Задумавшись, Илья не заметил, как умял целых пять больших пирогов с капустой да два сваренных вкрутую яйца. От еды и правда полегчало, будто досада, в нем больной занозой засевшая, тоже урвала себе свой кусочек, согрелась да и свернулась в трубочку – спать залегла. Да и поезд показался не таким уж и неприютным – поезд как поезд, подумаешь.
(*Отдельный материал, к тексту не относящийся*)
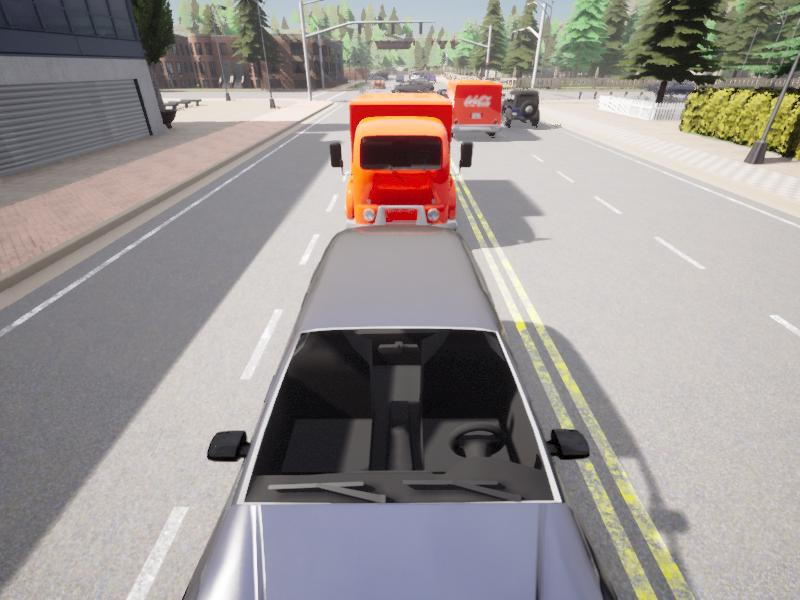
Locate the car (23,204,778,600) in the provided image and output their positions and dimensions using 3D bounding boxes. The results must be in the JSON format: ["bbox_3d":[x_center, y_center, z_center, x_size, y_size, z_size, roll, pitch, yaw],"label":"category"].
[{"bbox_3d":[-0.010,0.768,3.057,2.242,1.667,4.611,0,30,0],"label":"car"}]

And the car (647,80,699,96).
[{"bbox_3d":[33.760,-26.345,49.620,4.611,1.667,2.242,0,30,0],"label":"car"}]

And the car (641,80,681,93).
[{"bbox_3d":[34.273,-28.124,52.635,3.633,1.501,1.845,0,30,0],"label":"car"}]

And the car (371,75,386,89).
[{"bbox_3d":[-3.451,-34.788,63.831,2.097,1.767,4.553,0,30,0],"label":"car"}]

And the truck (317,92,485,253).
[{"bbox_3d":[0.011,-3.245,9.143,2.627,2.467,5.204,0,30,0],"label":"truck"}]

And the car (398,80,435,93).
[{"bbox_3d":[2.127,-28.248,52.936,4.792,1.488,2.163,1,30,2],"label":"car"}]

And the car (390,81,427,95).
[{"bbox_3d":[1.048,-26.480,49.932,4.514,1.525,2.007,1,30,2],"label":"car"}]

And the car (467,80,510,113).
[{"bbox_3d":[7.027,-16.592,32.410,2.150,2.045,5.566,0,30,0],"label":"car"}]

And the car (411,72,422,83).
[{"bbox_3d":[3.565,-48.847,87.661,2.150,2.045,5.566,0,30,0],"label":"car"}]

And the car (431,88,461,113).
[{"bbox_3d":[3.529,-15.618,31.252,1.845,1.501,3.633,0,30,0],"label":"car"}]

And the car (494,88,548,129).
[{"bbox_3d":[7.026,-11.421,23.707,1.905,1.878,3.866,0,30,0],"label":"car"}]

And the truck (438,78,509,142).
[{"bbox_3d":[3.521,-9.887,20.531,2.627,2.467,5.204,0,31,0],"label":"truck"}]
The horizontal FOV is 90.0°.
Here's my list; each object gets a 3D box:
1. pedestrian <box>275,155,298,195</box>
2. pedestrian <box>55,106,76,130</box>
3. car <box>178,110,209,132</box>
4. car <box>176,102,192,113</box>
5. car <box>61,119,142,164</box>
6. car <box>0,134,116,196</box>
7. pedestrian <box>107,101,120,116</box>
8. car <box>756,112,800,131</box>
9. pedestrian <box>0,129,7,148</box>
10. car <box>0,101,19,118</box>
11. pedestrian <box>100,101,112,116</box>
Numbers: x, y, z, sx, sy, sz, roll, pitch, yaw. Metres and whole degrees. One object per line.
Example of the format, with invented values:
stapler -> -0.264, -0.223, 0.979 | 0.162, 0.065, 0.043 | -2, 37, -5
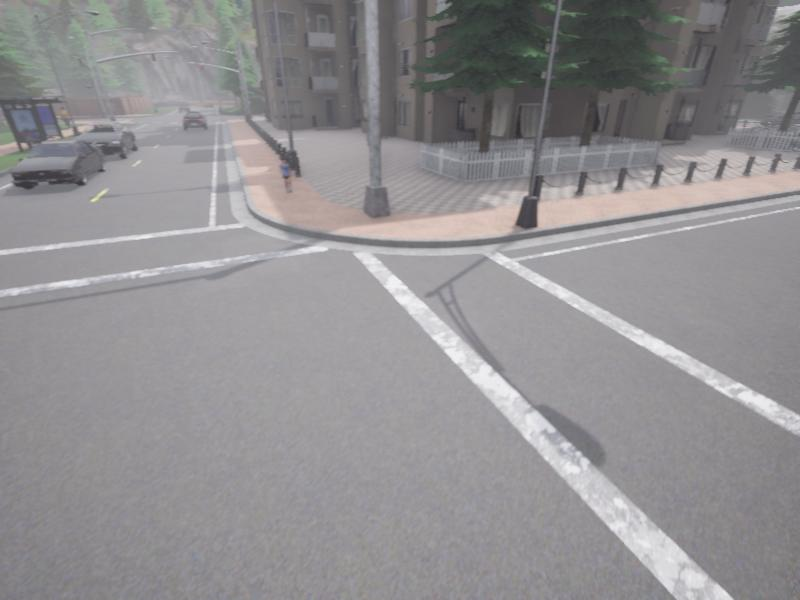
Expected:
pedestrian -> -3.578, -3.933, 12.579 | 0.500, 1.100, 0.500 | -11, 29, -20
pedestrian -> -28.688, -15.626, 34.349 | 0.751, 1.860, 0.751 | -12, 30, -22
car -> -19.020, -16.687, 37.134 | 2.038, 1.542, 4.974 | -10, 29, -19
car -> -37.323, -33.315, 69.217 | 1.789, 1.549, 3.705 | -10, 29, -19
car -> -15.680, -8.594, 21.404 | 2.152, 1.651, 5.027 | -10, 29, -19
car -> -12.969, -5.392, 15.467 | 2.033, 1.411, 5.357 | -10, 29, -19
pedestrian -> -39.382, -26.304, 54.962 | 0.751, 1.860, 0.751 | 14, 31, 25
car -> 36.205, -16.203, 36.308 | 2.033, 1.411, 5.357 | -11, 29, -20
pedestrian -> -23.807, -9.841, 23.175 | 0.751, 1.860, 0.751 | -10, 29, -19
car -> -53.449, -25.498, 53.471 | 1.932, 1.855, 4.605 | -11, 29, -20
pedestrian -> -40.473, -26.398, 55.142 | 0.751, 1.860, 0.751 | -11, 29, -21
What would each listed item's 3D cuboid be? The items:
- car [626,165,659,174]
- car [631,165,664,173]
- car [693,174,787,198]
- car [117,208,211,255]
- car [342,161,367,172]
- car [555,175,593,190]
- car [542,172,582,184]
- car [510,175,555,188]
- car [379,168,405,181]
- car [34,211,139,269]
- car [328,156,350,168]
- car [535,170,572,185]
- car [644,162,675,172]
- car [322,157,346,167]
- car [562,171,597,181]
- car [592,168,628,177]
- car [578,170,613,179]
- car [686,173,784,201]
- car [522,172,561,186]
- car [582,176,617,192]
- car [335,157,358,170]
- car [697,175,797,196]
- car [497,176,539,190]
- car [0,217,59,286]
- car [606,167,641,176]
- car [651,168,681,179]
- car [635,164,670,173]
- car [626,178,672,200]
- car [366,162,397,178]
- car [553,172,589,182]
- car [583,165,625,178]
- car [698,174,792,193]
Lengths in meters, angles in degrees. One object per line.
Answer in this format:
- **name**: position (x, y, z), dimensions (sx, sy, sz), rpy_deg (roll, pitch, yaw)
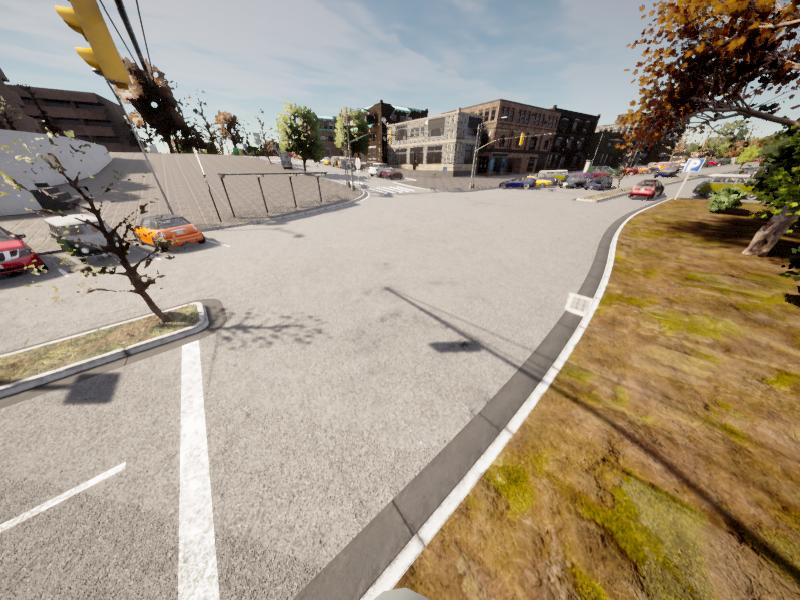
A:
- **car**: position (54.944, -29.664, 52.587), dimensions (4.892, 1.521, 2.231), rpy_deg (22, 38, 35)
- **car**: position (57.558, -30.497, 53.847), dimensions (5.008, 1.535, 2.097), rpy_deg (22, 37, 35)
- **car**: position (33.092, -11.306, 22.797), dimensions (4.553, 1.767, 2.185), rpy_deg (20, 37, 31)
- **car**: position (-13.789, -4.164, 13.541), dimensions (4.553, 1.767, 2.185), rpy_deg (15, 35, 27)
- **car**: position (-8.914, -26.385, 45.522), dimensions (2.231, 1.521, 4.892), rpy_deg (21, 37, 23)
- **car**: position (23.777, -16.111, 31.576), dimensions (4.902, 1.511, 2.128), rpy_deg (-21, 36, -28)
- **car**: position (26.611, -20.140, 38.075), dimensions (4.892, 1.521, 2.231), rpy_deg (19, 36, 32)
- **car**: position (19.246, -17.332, 33.735), dimensions (5.366, 1.575, 1.946), rpy_deg (18, 36, 31)
- **car**: position (-1.231, -20.775, 38.067), dimensions (2.002, 1.452, 4.674), rpy_deg (21, 37, 23)
- **car**: position (-16.054, -3.211, 11.856), dimensions (4.442, 1.987, 1.878), rpy_deg (15, 34, 27)
- **car**: position (-12.791, -29.317, 49.059), dimensions (1.878, 1.987, 4.442), rpy_deg (21, 37, 23)
- **car**: position (24.186, -19.390, 36.497), dimensions (4.442, 1.987, 1.878), rpy_deg (19, 36, 31)
- **car**: position (62.903, -32.281, 56.119), dimensions (4.442, 1.987, 1.878), rpy_deg (22, 38, 35)
- **car**: position (-14.577, -30.665, 51.280), dimensions (1.946, 1.575, 5.366), rpy_deg (21, 37, 23)
- **car**: position (31.680, -21.906, 40.851), dimensions (4.674, 1.452, 2.002), rpy_deg (19, 36, 32)
- **car**: position (41.921, -25.455, 46.197), dimensions (5.008, 1.535, 2.097), rpy_deg (20, 37, 33)
- **car**: position (36.781, -23.674, 43.552), dimensions (4.674, 1.452, 2.002), rpy_deg (20, 37, 33)
- **car**: position (30.571, -10.506, 21.390), dimensions (4.442, 1.987, 1.878), rpy_deg (20, 38, 31)
- **car**: position (21.562, -18.424, 35.211), dimensions (4.553, 1.767, 2.185), rpy_deg (19, 36, 31)
- **car**: position (25.291, -14.824, 29.316), dimensions (4.193, 1.474, 1.816), rpy_deg (-21, 36, -28)
- **car**: position (-10.866, -27.919, 47.185), dimensions (1.878, 1.987, 4.442), rpy_deg (21, 37, 23)
- **car**: position (35.730, -12.037, 24.127), dimensions (5.366, 1.575, 1.946), rpy_deg (21, 37, 31)
- **car**: position (16.543, -16.502, 32.563), dimensions (4.792, 1.488, 2.163), rpy_deg (18, 36, 31)
- **car**: position (-18.453, -2.226, 10.271), dimensions (5.566, 2.045, 2.435), rpy_deg (15, 34, 27)
- **car**: position (47.102, -27.159, 48.787), dimensions (5.008, 1.535, 2.097), rpy_deg (21, 38, 34)
- **car**: position (47.479, -22.618, 41.228), dimensions (4.792, 1.488, 2.163), rpy_deg (-19, 35, -26)
- **car**: position (60.044, -31.365, 55.174), dimensions (5.366, 1.575, 1.946), rpy_deg (22, 38, 35)
- **car**: position (24.844, -11.137, 23.085), dimensions (3.988, 1.617, 1.851), rpy_deg (-21, 36, -28)
- **car**: position (-3.124, -22.424, 39.795), dimensions (2.435, 2.045, 5.566), rpy_deg (21, 37, 23)
- **car**: position (29.144, -21.005, 39.471), dimensions (4.674, 1.452, 2.002), rpy_deg (19, 37, 32)
- **car**: position (39.365, -24.796, 44.732), dimensions (5.566, 2.045, 2.435), rpy_deg (20, 37, 33)
- **car**: position (37.900, -13.039, 25.682), dimensions (5.366, 1.575, 1.946), rpy_deg (21, 38, 31)

Он даже улыбнулся сам себе тихонько для бодрости, и тут же решил, что в панику от произошедшего с ним такого важного жизненного события шея больше впадать не будет, а совсем даже наоборот, постарается асково проговорила: впадать больше не станет, а совсем даже наоборот, постарается разложить все по полочкам: хорошее — к хорошему, плохое – к плохому. А потом и из плохого, следуя бабки Нориной теории, постарается извлечь для себя только хорошее, а иначе никак, иначе и жить нельзя. Одно только обстоятельство для Ильи было неисправимо–мучительным — как же он так отца своего, доктора Петрова этого, сильно под монастырь подвел… А с другой стороны – Америки–то он не открыл для жены его. Как она, эта Анна Сергеевна, лихо про мужа–то своего – вроде как ни одной юбки не пропустил. И с его матерью у него тоже вроде как случайно все получилось, и он, выходит, в его жизни — тоже случайный фактор…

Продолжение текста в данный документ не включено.